Honestly, this seems like common practice with a lot of dedicated providers. Their less tech-savvy customers may not even login to the machine or even know how to. First step you should take when setting up a dedi is to remove any sort of access from the provider for this exact reason.

 

[jarland]

Well if anyone wants my boy meets world episodes and Dropbox full of church event clips... I hope they enjoy my OVH server.

 

[MannDude]

What about copies of the scanned IDs sent to OVH, were these stored? Were they stolen too?

Valid concern, didn't think about that.

 

[kaniini]

Honestly, this seems like common practice with a lot of dedicated providers. Their less tech-savvy customers may not even login to the machine or even know how to. First step you should take when setting up a dedi is to remove any sort of access from the provider for this exact reason.

Well, I am talking about the initial password being stored in /root/.p.  But, all of the dedicated servers I have ever gotten, I just did my own OS install using IP-KVM or IPMI, much like my colo'd gear.

 

[kaniini]

Nobody should be using hashing for passwords anymore.

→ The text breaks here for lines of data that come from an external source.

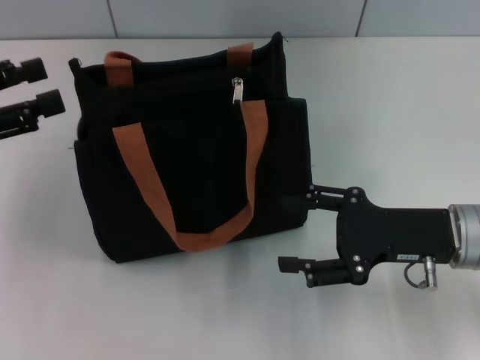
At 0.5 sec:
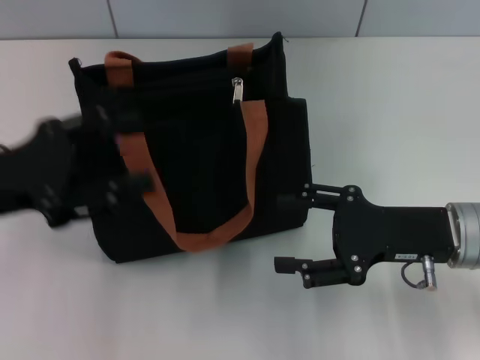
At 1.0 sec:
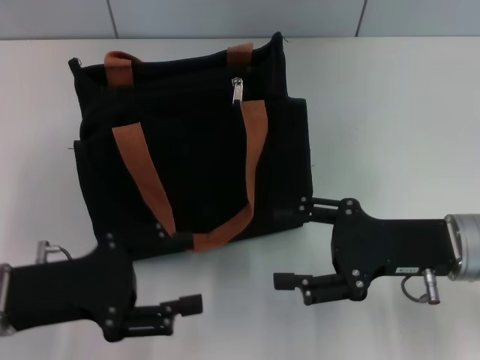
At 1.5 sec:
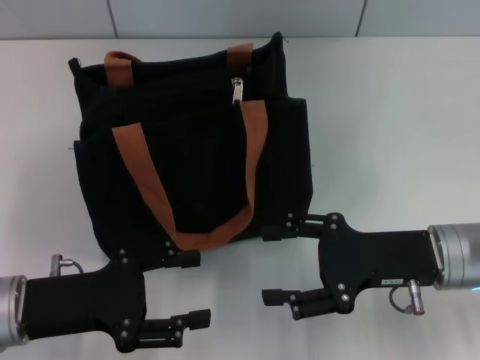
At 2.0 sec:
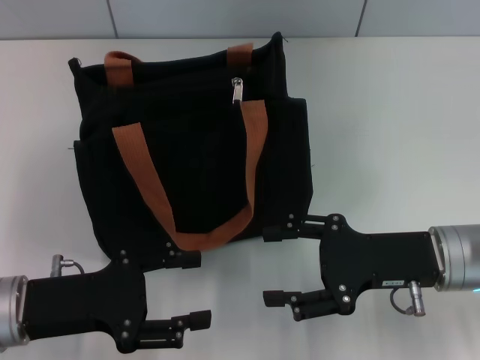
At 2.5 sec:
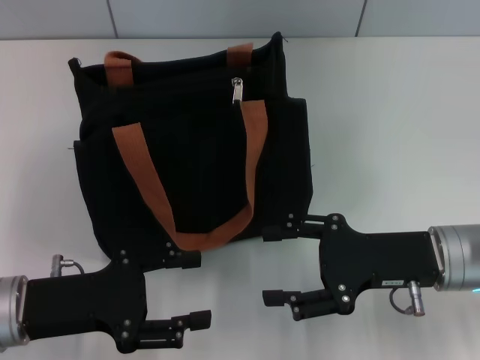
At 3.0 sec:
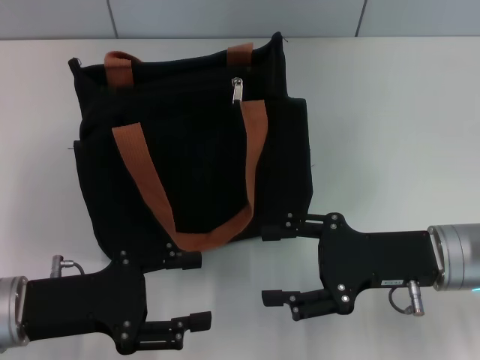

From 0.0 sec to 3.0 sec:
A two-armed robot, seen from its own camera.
From 0.0 sec to 1.5 sec: The left gripper heads downward, to the right and backward, covering roughly 15 cm.
From 1.5 sec to 3.0 sec: The two grippers keep their place.

Well, they use SHA512-CRYPT, as far as I understand.  And their status site update corroborates that.

The encryption password is "Salted" and based on SHA-512, to avoid brute-force attacks. It takes a lot of technical means to find the word password clearly. But it is possible.

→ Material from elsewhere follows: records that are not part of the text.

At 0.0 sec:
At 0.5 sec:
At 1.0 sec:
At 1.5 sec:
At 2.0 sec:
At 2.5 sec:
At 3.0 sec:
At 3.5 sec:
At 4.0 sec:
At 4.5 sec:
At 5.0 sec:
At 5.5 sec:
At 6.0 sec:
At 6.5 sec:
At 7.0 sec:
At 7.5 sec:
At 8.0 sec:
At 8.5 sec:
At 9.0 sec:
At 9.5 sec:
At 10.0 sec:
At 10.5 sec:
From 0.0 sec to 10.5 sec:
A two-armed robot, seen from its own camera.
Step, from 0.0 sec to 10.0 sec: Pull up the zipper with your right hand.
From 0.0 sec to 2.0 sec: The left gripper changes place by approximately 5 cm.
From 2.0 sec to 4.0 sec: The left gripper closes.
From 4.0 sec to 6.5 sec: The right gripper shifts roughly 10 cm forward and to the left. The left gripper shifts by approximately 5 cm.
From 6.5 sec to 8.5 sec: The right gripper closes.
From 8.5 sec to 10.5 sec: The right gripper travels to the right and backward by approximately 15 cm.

Of course, if they only do one round of SHA512-CRYPT, then it is still pretty trivial (a day or two per account) to crack the password I guess.

In my opinion they should reset passwords upon login and mail them to the contact e-mail.

 

[BlackoutIsHere]

In my opinion they should reset passwords upon login and mail them to the contact e-mail.

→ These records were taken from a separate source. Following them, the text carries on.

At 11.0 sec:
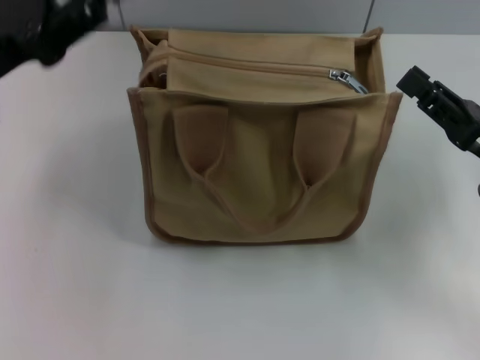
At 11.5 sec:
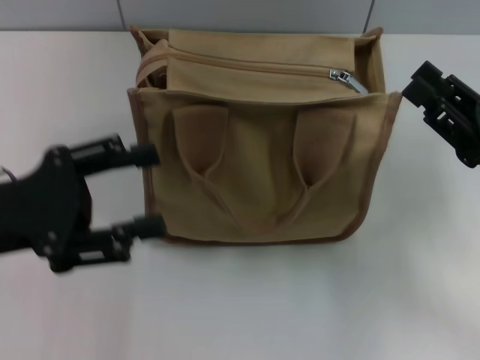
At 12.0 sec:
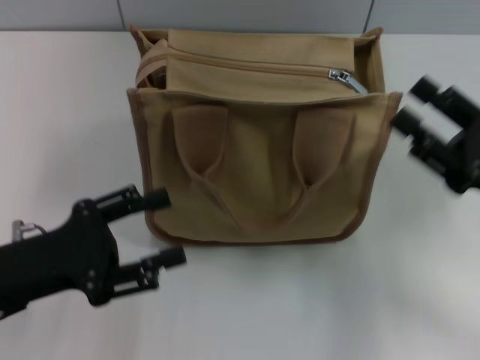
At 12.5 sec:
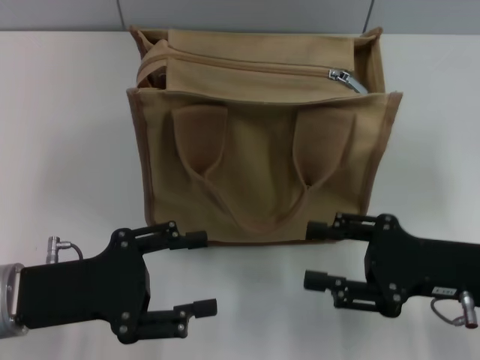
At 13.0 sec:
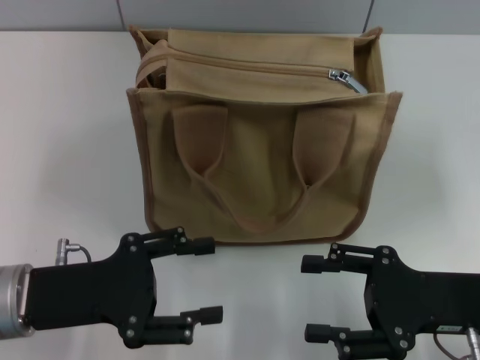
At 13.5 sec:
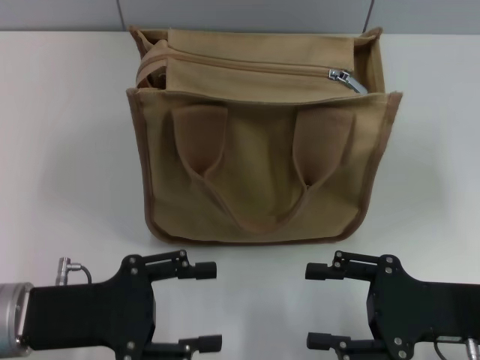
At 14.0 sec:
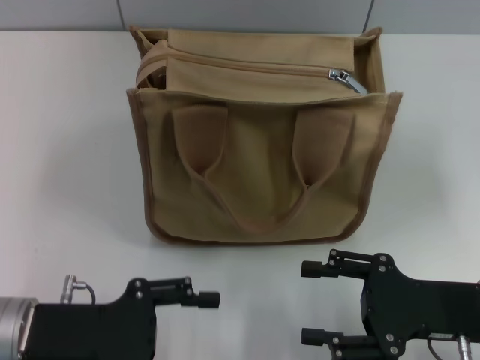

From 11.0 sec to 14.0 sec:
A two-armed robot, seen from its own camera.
From 11.0 sec to 12.5 sec: The right gripper opens up. The left gripper travels downward and backward by roughly 15 cm, and opens.

 Probably a good idea. Lots of customers are so clueless about security these days.

 

[wlanboy]

Any news what was leaked?

 

[acd]

kaniini said what I wanted to say. 2^N-round sha512 w/ resalting does not seem particularly better or worse than bcrypt. If you're going to post a link to support your post, could you instead post one where it explains the argument/reasoning/etc? A twitter post reiterating what you said does not a convincing argument make. I would really like to know why you think key derivation functions are better for password storage and while I know some theory, it's not hardly enough to derive it on my own.

(edit: That algorithm is also known as PBKDF2 using HMAC-SHA512 as the PRF and password of salt||password. You got me with "using hashing for passwords" when you meant "using only hashing". And some days I lack the terminology to understand what is said.)
On topic, it sucks that OVH was compromised. I actually ticketed them yesterday morning about an unexplained reboot (nothing in my logs) of my BHS server on Friday; OVH told me their logs don't have anything regarding a reboot. Considering it's just a host node running sshd and half a dozen KVMs, I thought it was kind of weird. I wasn't using their supplied passwords, had no ovh ssh keys installed and there wasn't any unsecured & sensitive data on there. The incidents are probably unrelated and I'm overreacting but I might as well rebuild it anyway.

 

[wlanboy]

The incidents are probably unrelated and I'm overreacting but I might as well rebuild it anyway.

That is the worst part of it. A lot of server owners loose their sureness that their servers were not altered/touched.

 

[kaniini]

(edit: That algorithm is also known as PBKDF2 using HMAC-SHA512 as the PRF and password of salt||password. You got me with "using hashing for passwords" when you meant "using only hashing". And some days I lack the terminology to understand what is said.)


On topic, it sucks that OVH was compromised. I actually ticketed them yesterday morning about an unexplained reboot (nothing in my logs) of my BHS server on Friday; OVH told me their logs don't have anything regarding a reboot. Considering it's just a host node running sshd and half a dozen KVMs, I thought it was kind of weird. I wasn't using their supplied passwords, had no ovh ssh keys installed and there wasn't any unsecured & sensitive data on there. The incidents are probably unrelated and I'm overreacting but I might as well rebuild it anyway.

This was actually likely an overheat event.  OVH nodes restart on MCEs such as PROCHOT.

In BHS, all nodes are IPMI-based, so if you use ipmitool on the node, you can check the System Event Log for an MCE.